By Giovanna Dell'orto In El Acebo, Spain Associated Press ( China Daily ) Updated: 2016-07-16 07:40:09

Crossing Spain on an ancient pilgrimage route

Pilgrims walk on the Way of Saint James near the village of Santa Catalina de Somoza, close to Astorga. [Provided To China Daily]

French Way takes you across country to Apostle's burial site.

About three hours into the day's hike, having just cleared the highest mountain point of the Camino de Santiago, I looked down into the valleys pockmarked with yellow and purple spring blossoms, and froze.

Surely that faraway black office tower, seemingly no bigger than the trail stones making my scarred feet scream, could not be where I was planning to arrive that same night. Guidebook check: It was.

Dejected, I struggled downhill into the next hamlet, El Acebo. I was barely past the first of its slate-roofed stone houses when my name - Giovanna! - rang out in the lilting Rio de Janeiro accent of a fellow pilgrim.
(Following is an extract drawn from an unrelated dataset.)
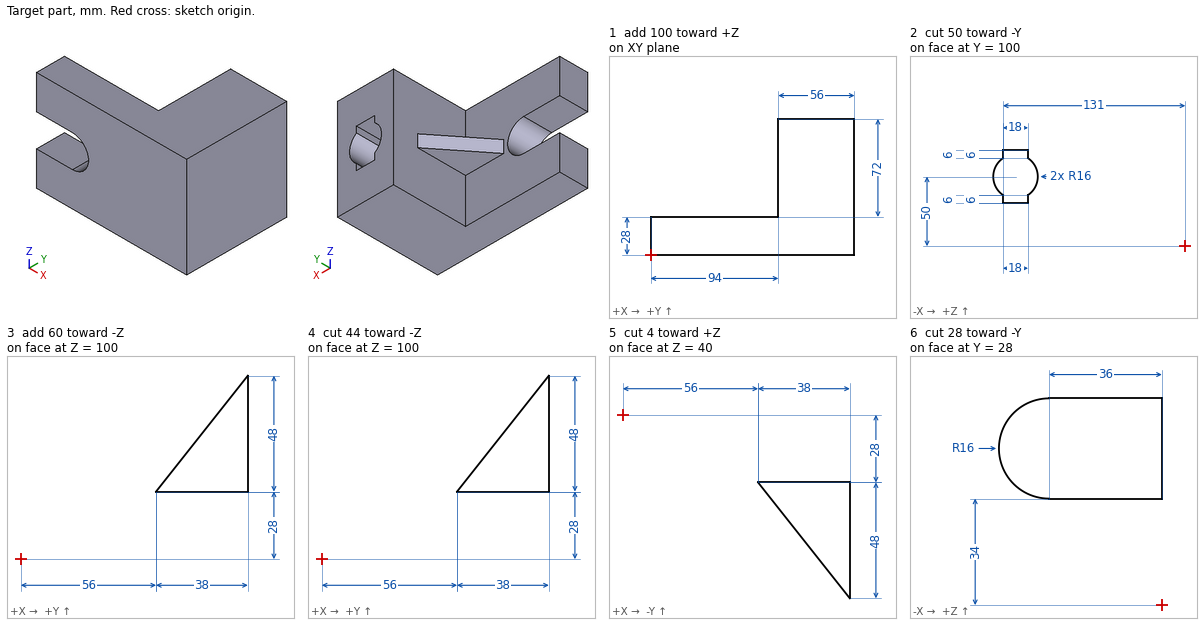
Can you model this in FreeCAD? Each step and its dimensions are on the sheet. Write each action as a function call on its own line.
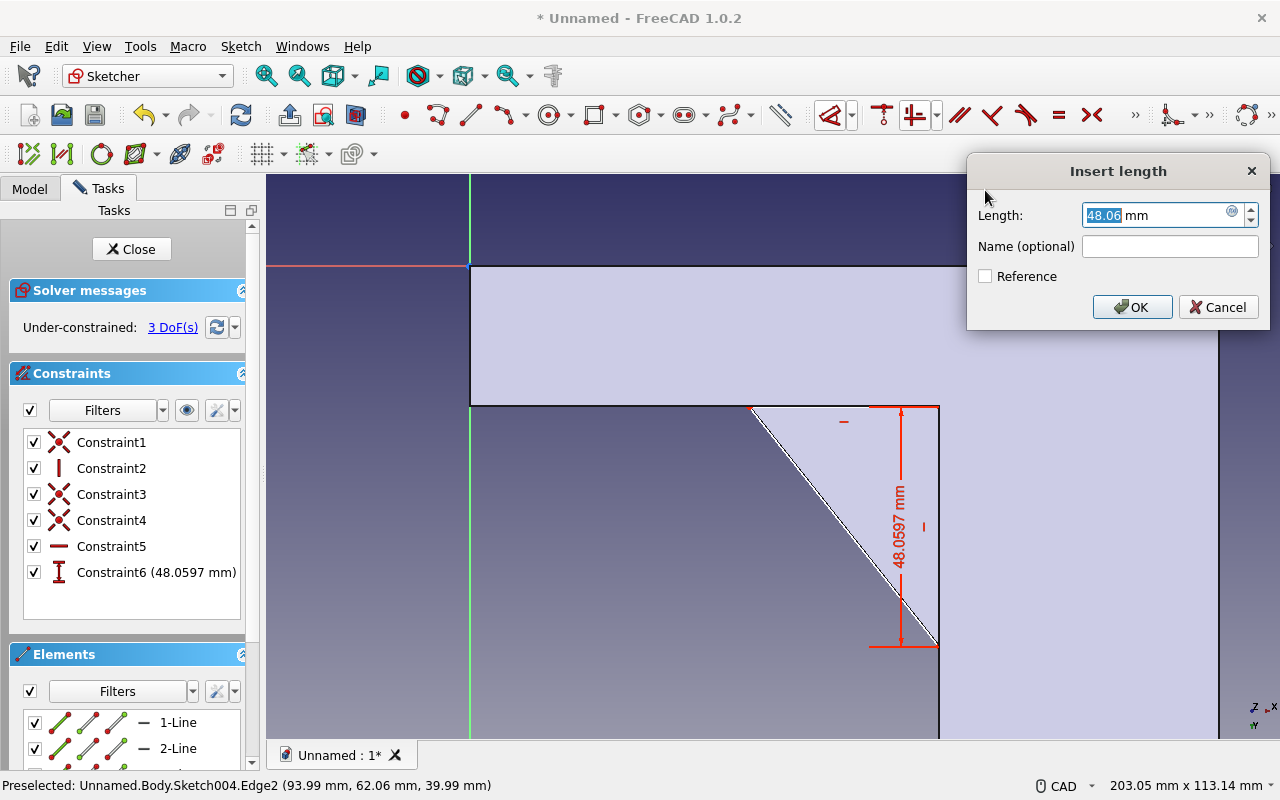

And that was my camino experience: 31 days of physical endurance through awe-inspiring landscapes, of contemplation punctuated by deep connections. It was a combination that reset my Type-A internal clock so that stopping to pick a poppy or a bunch of grapes, or to compare blisters with hikers from Seoul or Hawaii or Naples, became not only permissible but also imperative.

The "camino frances", or French way, is an 800-kilometer medieval pilgrimage route that crosses Spain from the Pyrenees at the French border to the purported burial site of the Apostle James in the cathedral of Santiago de Compostela. Of several historical routes to Santiago, this is the most popular.

It's no wilderness hike: The longest stretch without crossing a village is 10 miles (17 kilometers) through farmland. How much solitude you get depends on when and where you start.